Sunday, May 13, 2012

Mother's Day 2012



 Mother's Day 2012


Mother's Day 2011


Wishing all you dear moms, grandmothers, dear women who are mothers to children even though you don't have children or have lost children, or who hope to have children one day...HAPPY MOTHER'S DAY!  I was talking to a friend at church today who had lost her mom 3 years ago.  She said that Mother's Day used to be really sad until she started calling all the mom-like figures in her life to wish them Happy Mother's Day.  I thought that was awesome.

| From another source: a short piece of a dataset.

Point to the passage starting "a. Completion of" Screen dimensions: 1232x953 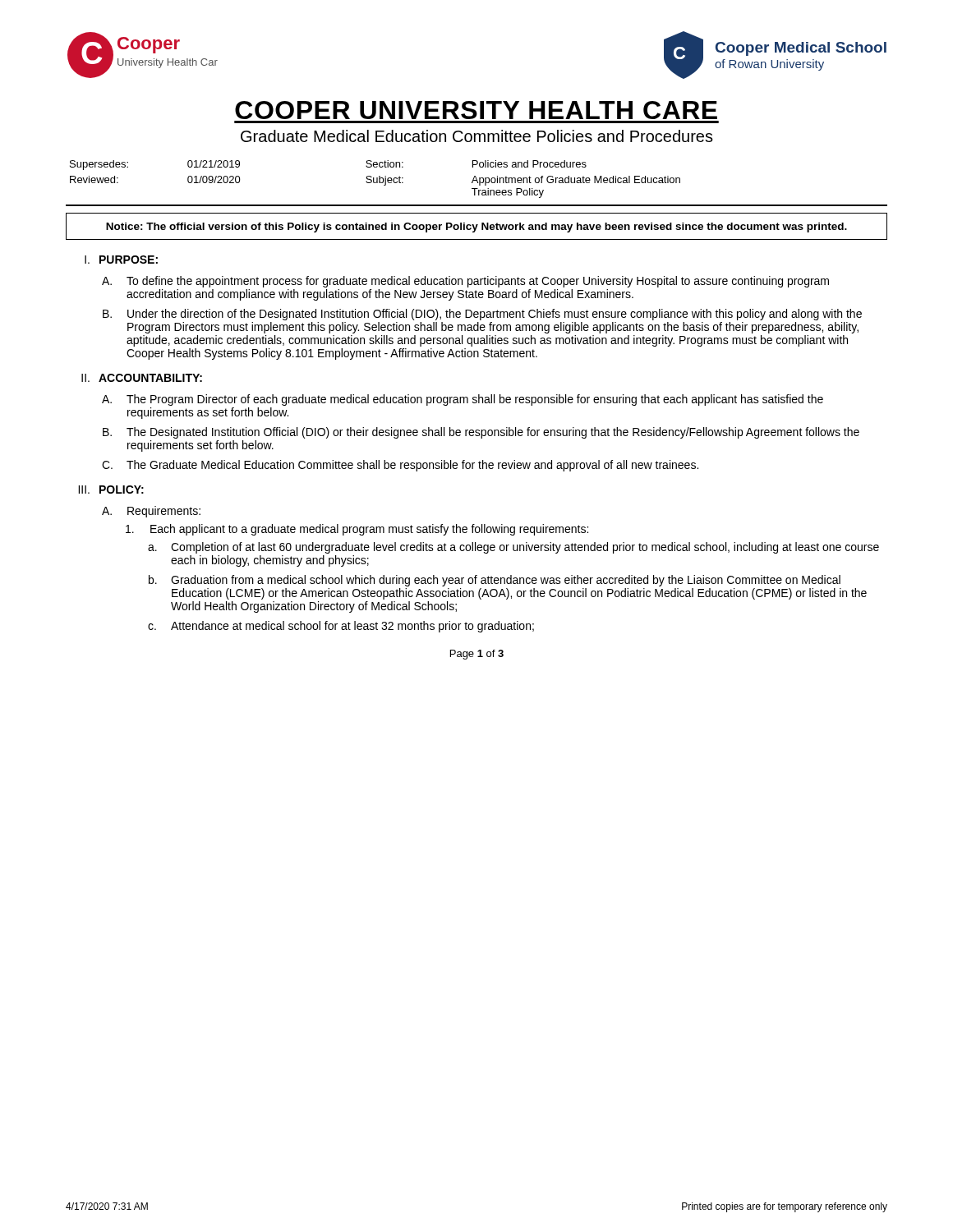(x=518, y=554)
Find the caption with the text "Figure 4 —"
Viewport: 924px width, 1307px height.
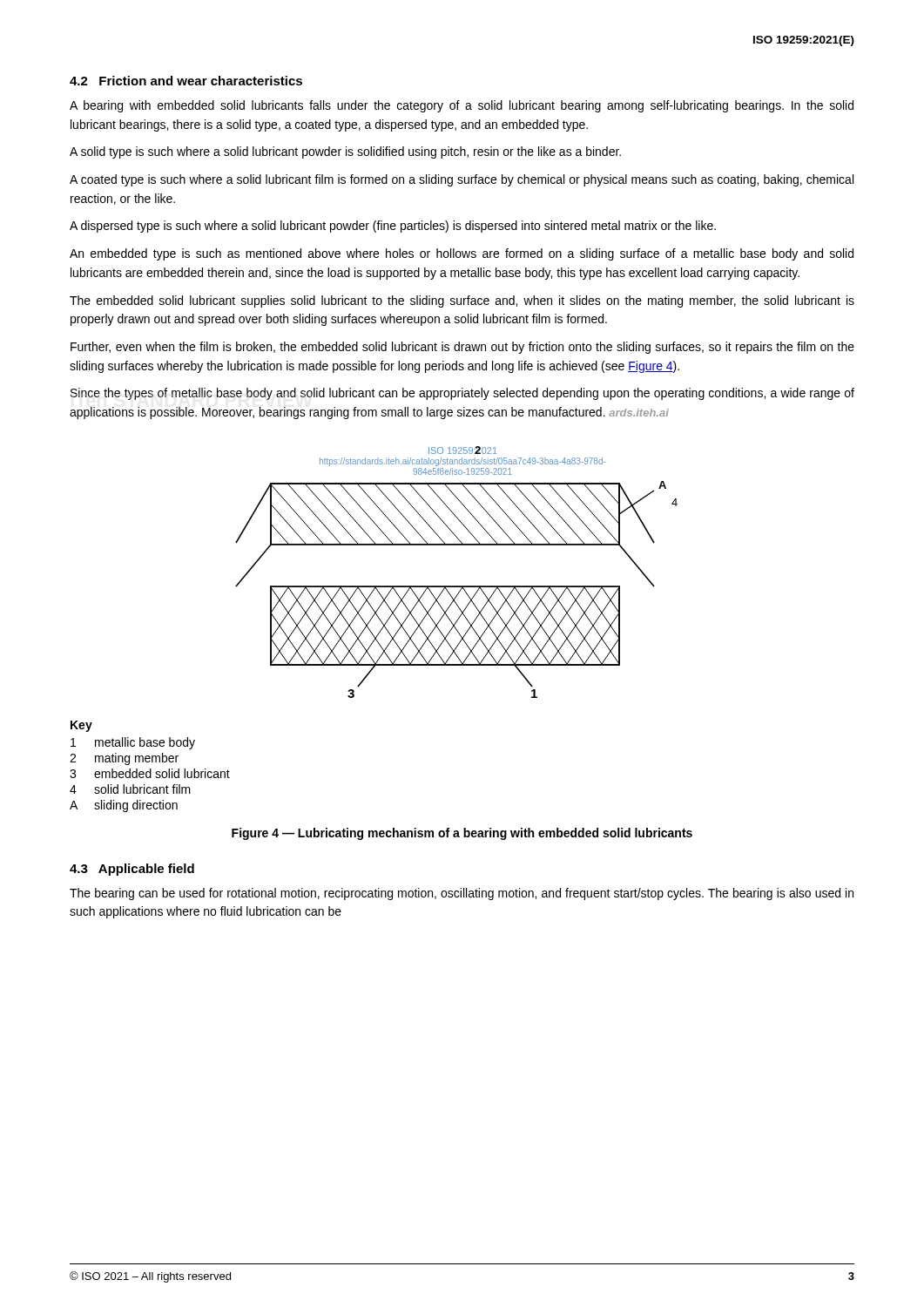[462, 833]

Being a mom is the best.  I am thankful for it, and do not take it for granted.  Sometimes I complain, but today I was thinking of how much I love Jake more today than I have ever and how that love just grows brighter everyday.  Just when I don't know how I will love him more, I feel like I do.  I can't wait for the next day to spend with him.  Then, I thought, Oh NO! What happens on the day that he turns into a teenager and starts rebelling!!! Will I love him more and more during that time in his life?!  The answer is yes.  I will always love him more because even if there are rough days ahead or joyful ones for that matter, I will love him in all things.  I have experienced a small taste of life, just enough, to know that even through rough times, good prevails and so does love.  True love lasts, and as a mother, I will always and forever, love my Jake.  I'm am also thankful for my mom for helping us this year.  She came to LA on angel's wings many times to be here with us for Jake's doctors appointments, to start a food trial and make sure he is eating, to wake up with him bright and early so we could get some extra winks in.  She never, NOT ONCE complained.  EVER.  She smiled, and gracefully spent her time caring for our little man.  Her whole world was him and making him happy.  She teaches me what true love is and that everything we do should be for our children.  My heart can't even fill a page with enough gratitude for her.  It swells with thanksgiving for her.  I've needed her more this year than ever.  What a precious gift motherhood is.